→ WORK TASK:
Without copying the images, write out all the entries below verbatim.

** PROVIDED MATERIAL follows **

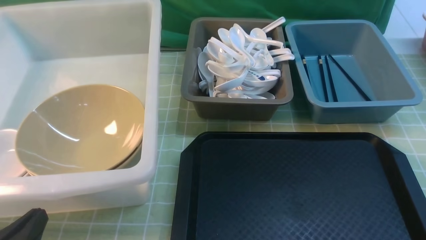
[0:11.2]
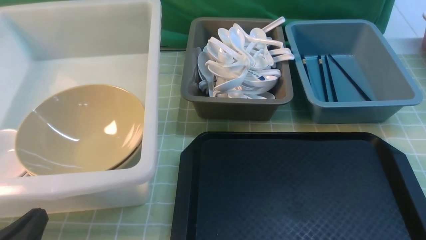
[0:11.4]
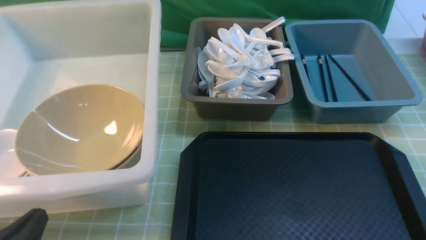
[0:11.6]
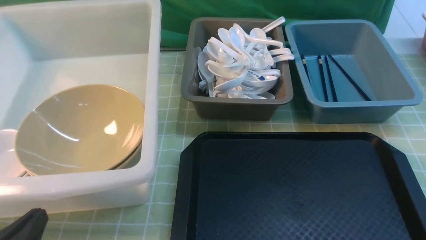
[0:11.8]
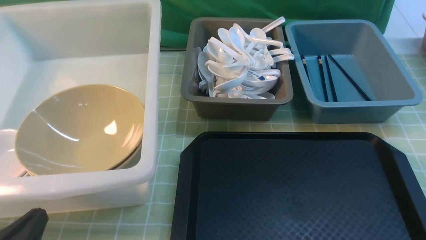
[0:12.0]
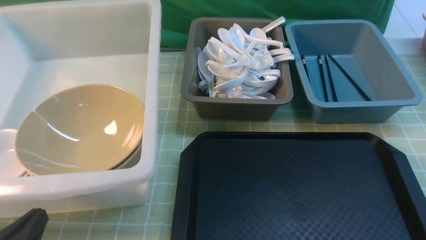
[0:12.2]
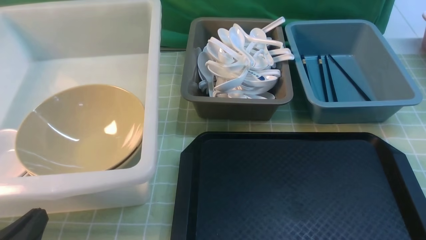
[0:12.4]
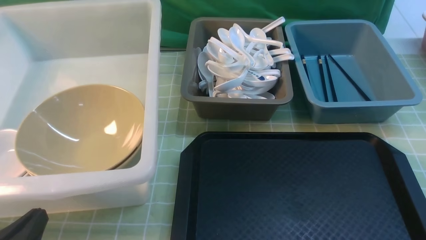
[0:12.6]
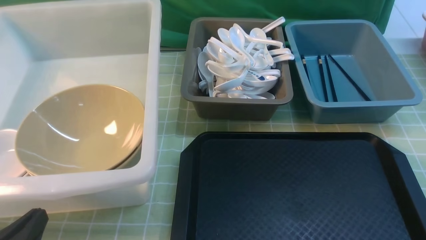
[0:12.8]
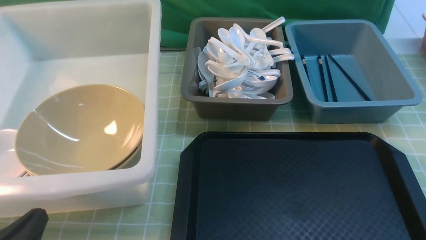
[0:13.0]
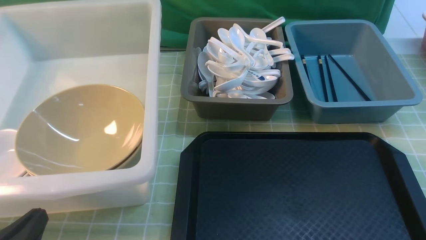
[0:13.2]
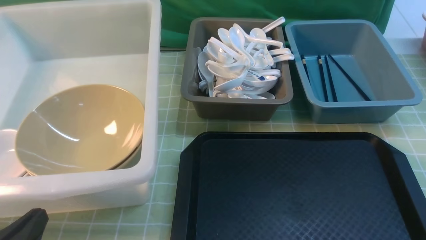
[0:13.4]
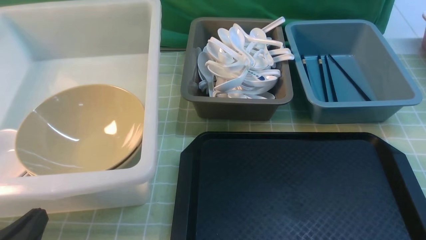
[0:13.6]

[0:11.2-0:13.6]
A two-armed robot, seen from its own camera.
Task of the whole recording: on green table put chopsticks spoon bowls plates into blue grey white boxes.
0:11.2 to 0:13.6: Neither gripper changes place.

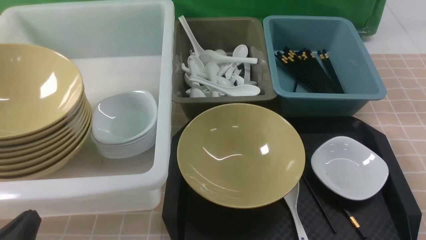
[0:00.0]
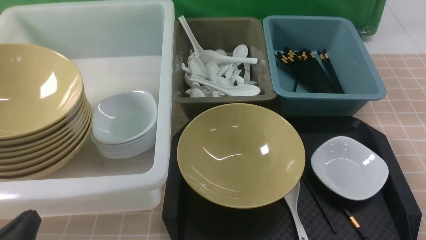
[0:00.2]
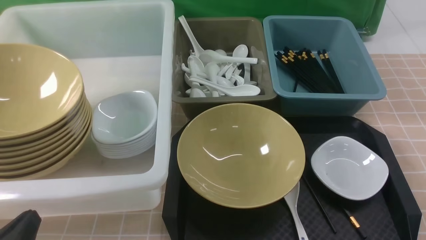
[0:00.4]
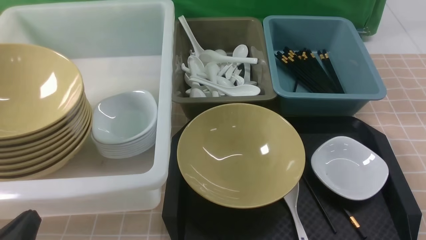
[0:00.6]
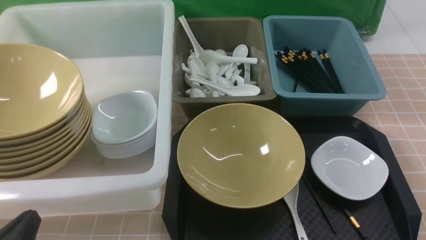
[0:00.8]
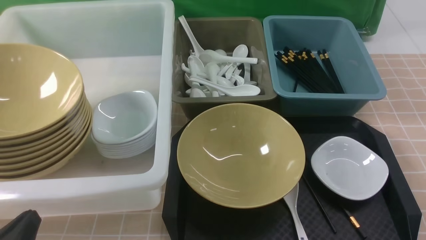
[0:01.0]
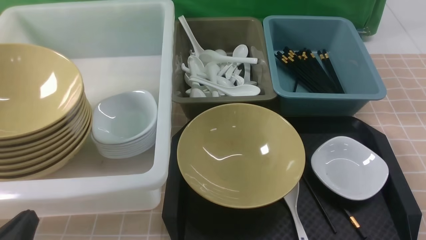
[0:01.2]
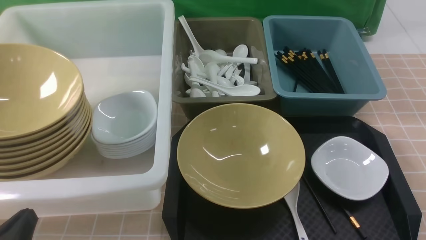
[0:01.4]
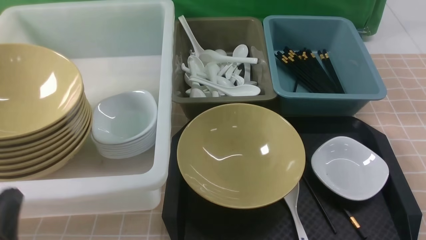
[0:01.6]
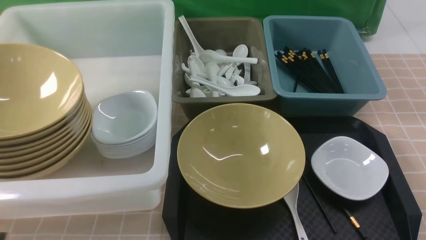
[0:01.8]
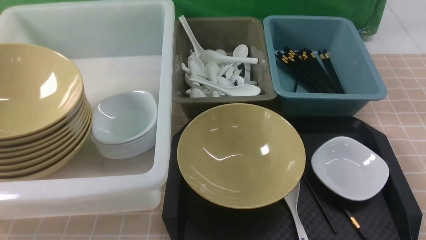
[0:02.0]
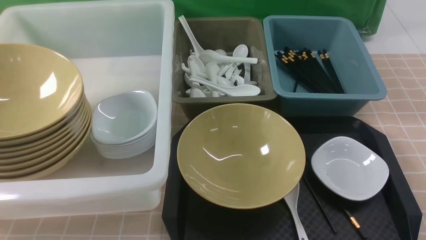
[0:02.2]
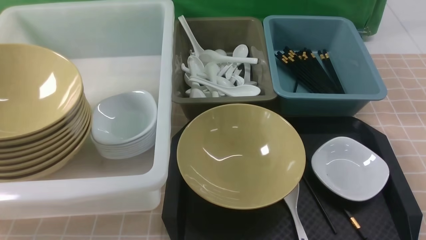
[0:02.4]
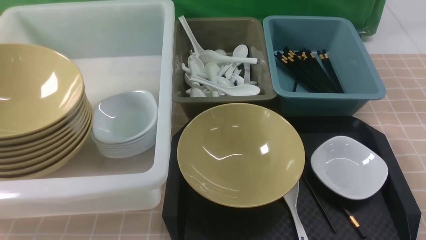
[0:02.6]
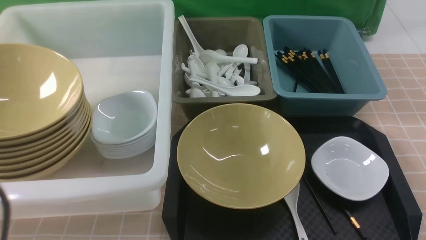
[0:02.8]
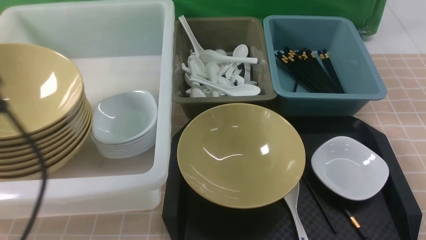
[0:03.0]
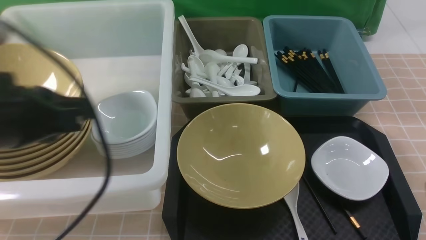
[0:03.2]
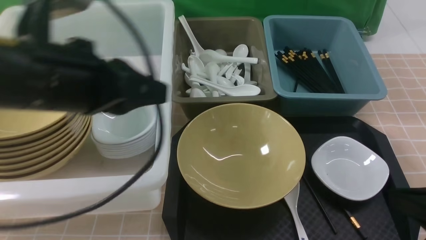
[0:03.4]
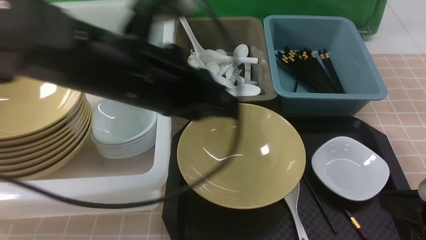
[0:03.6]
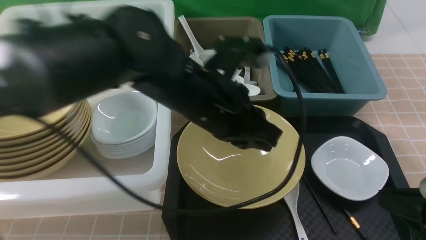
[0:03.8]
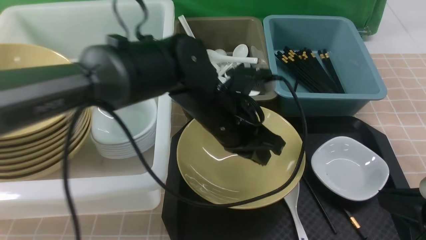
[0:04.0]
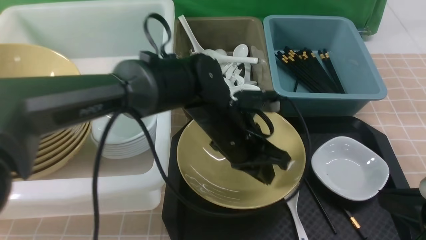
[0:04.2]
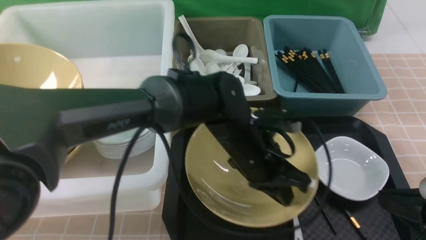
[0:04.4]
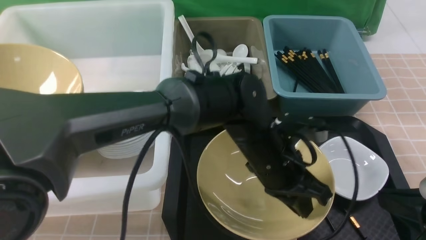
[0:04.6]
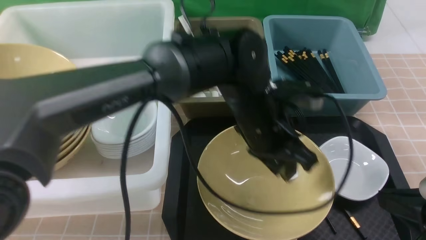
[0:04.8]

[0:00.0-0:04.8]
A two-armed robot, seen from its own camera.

** End of PROVIDED MATERIAL **

→ REPLY:
[0:11.2]
[0:11.4]
[0:11.6]
[0:11.8]
[0:12.0]
[0:12.2]
[0:12.4]
[0:12.6]
[0:12.8]
[0:13.0]
[0:13.2]
[0:13.4]
[0:13.6]

[0:11.2-0:13.6]
A two-armed robot, seen from its own camera.
Task of the whole recording: on green table put chopsticks spoon bowls plates into blue grey white boxes.
0:11.2 to 0:13.6: Neither gripper changes place.

[0:00.0]
[0:00.2]
[0:00.4]
[0:00.6]
[0:00.8]
[0:01.0]
[0:01.2]
[0:01.4]
[0:01.6]
[0:01.8]
[0:02.0]
[0:02.2]
[0:02.4]
[0:02.6]
[0:02.8]
[0:03.0]
[0:03.2]
[0:03.4]
[0:03.6]
[0:03.8]
[0:04.0]
[0:04.2]
[0:04.4]
[0:04.6]
[0:04.8]

[0:00.0-0:04.8]
A two-armed robot, seen from its own camera.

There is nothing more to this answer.